“You just haven’t been back here since high school and don’t know where to look.” Addison winks and tosses the binder onto my pile of paperwork. She stands up quickly and walks around the table, pulling me to my feet before I can react.
“I’m going to show you my favorite spot,” she declares.
“Addison, I?—”
“Since it’s my last night here before heading back to the city, you can’t say no.” She snatches my phone from the desk and guides me out the door.
“Tellme again why I even agreed to this?” I grumble to my sister as I yank off another shirt.
“Because you said there’s nothing fun to do here, and while I agree Honeywell is the epitome of small-town hell, I enjoy proving you wrong.”
Addison always makes time to visit Mom and Dad a few times a year, so she definitely knows all the best bars and hangout spots we couldn’t go to as teenagers.
“You know, most people would call this bringing a designated driver,” I tease.
I’m holding up a shirt on its hanger in front of me, scrutinizing myself in the mirror when Addison appears in the bedroom doorway with her arms crossed.
“You’re not going just so I have a DD.” She scrunches her nose and gestures towards the shirt in my hands. “Not that one.”
“That’s it. I’m not going! Literally everything I own makes me look either lazy or pregnant.”
I throw the shirt onto my growing “hell no” pile and flop onto the bed.
Addison blinks slowly, raising a single eyebrow.
“Well…you are pregnant.”
“Oh my God, you’re kidding!” I gasp dramatically and cup my barely-there bump. “I thought I just ate too many tacos for lunch.”
“It wouldn’t surprise me if your baby comes out craving tacos instead of milk,” Addison muses with a sigh, sitting down beside me on the bed.
“I just want to have a fun night,” she says, resting her head on my shoulder.
“Is that why you invited Hannah?” I blurt without thinking.
Hannah and my sister have been friends since middle school, though if you ask me, calling them “friends” is being generous.
Addison is fiercely loyal to those she cares for, sometimes to a fault.
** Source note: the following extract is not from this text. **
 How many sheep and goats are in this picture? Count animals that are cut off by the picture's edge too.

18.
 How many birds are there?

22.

She puts their victories above her own and will go to great lengths to hype up her friends. My sister and I rarely fight, but our biggest argument was when I expressed my concerns about her friend Hannah being self-centered and toxic.
Despite that, I’ve always been civil with Hannah for the sake of Addison. The only problem is that Hannah knows I don’t like her and doesn’t show me the same courtesy.
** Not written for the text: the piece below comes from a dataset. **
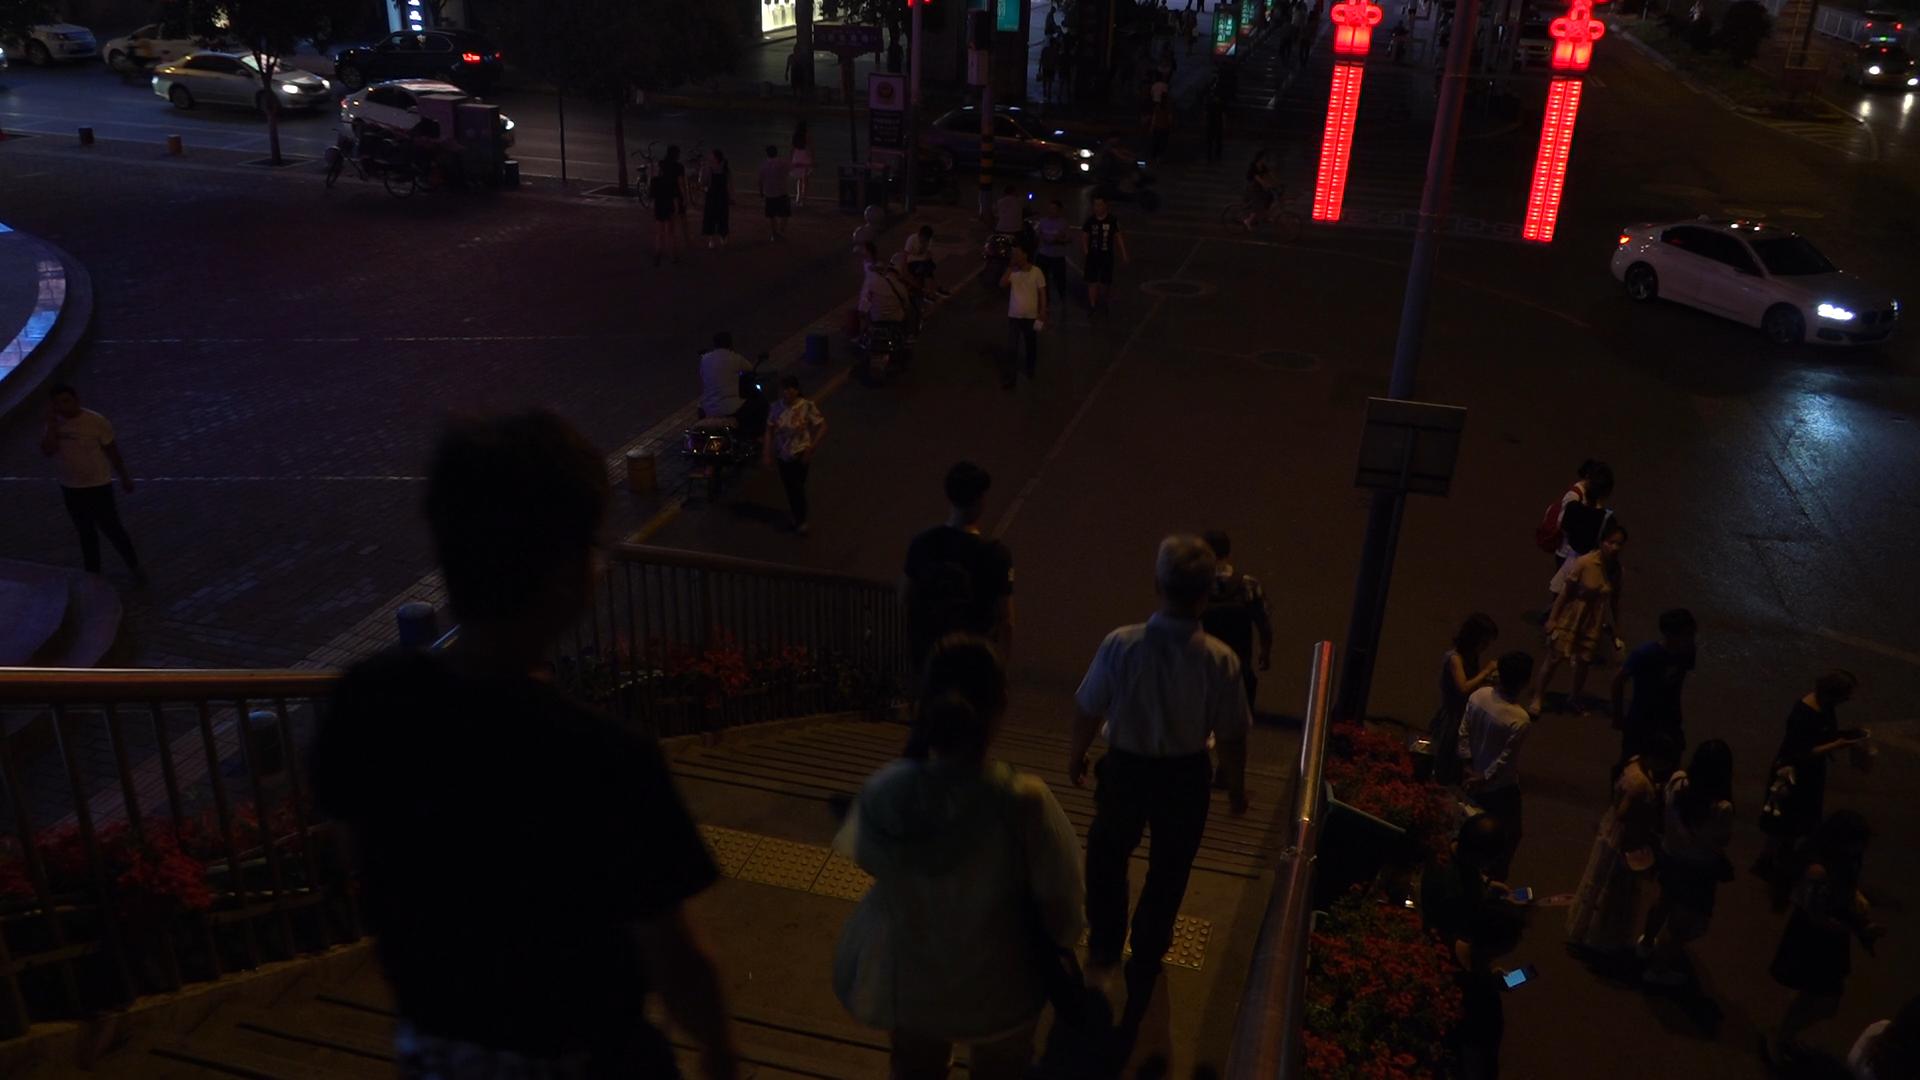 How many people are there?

42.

“Please don’t start with that. I just wanna have fun with my sister and best friend,” Addison pleads.
“You’re right,” I concede, wrapping my arm around her shoulder. “Especially since next time you see me, my idea of fun will folding baby clothes.”
Addison laughs, “Between me and Mom, you’ll have plenty of folding to do.”
“I’ll make sure to attach the rule—you buy it for the baby, you fold it for Mama,” I tease, playfully shoving her away. “Now help me pick out a top so we can go.”
After an hour of listening to Addison catch me up on her college friends while getting ready, there’s a knock on the cabin door. Before I can even get to the living room, Tucker barges in with a scowl.
“What are you doing?—”
“Why wasn’t the door locked?” he interrupts.
“I didn’t think about it after letting Ads in,” I shrug, crossing my arms and giving him a suspicious look. “Plus, the only one who usually shows up here is a sassy horse with attachment issues.”
“Shit,” Tucker mutters, rubbing his hand over his face. “I forgot to warn you about her and the fence repairs.”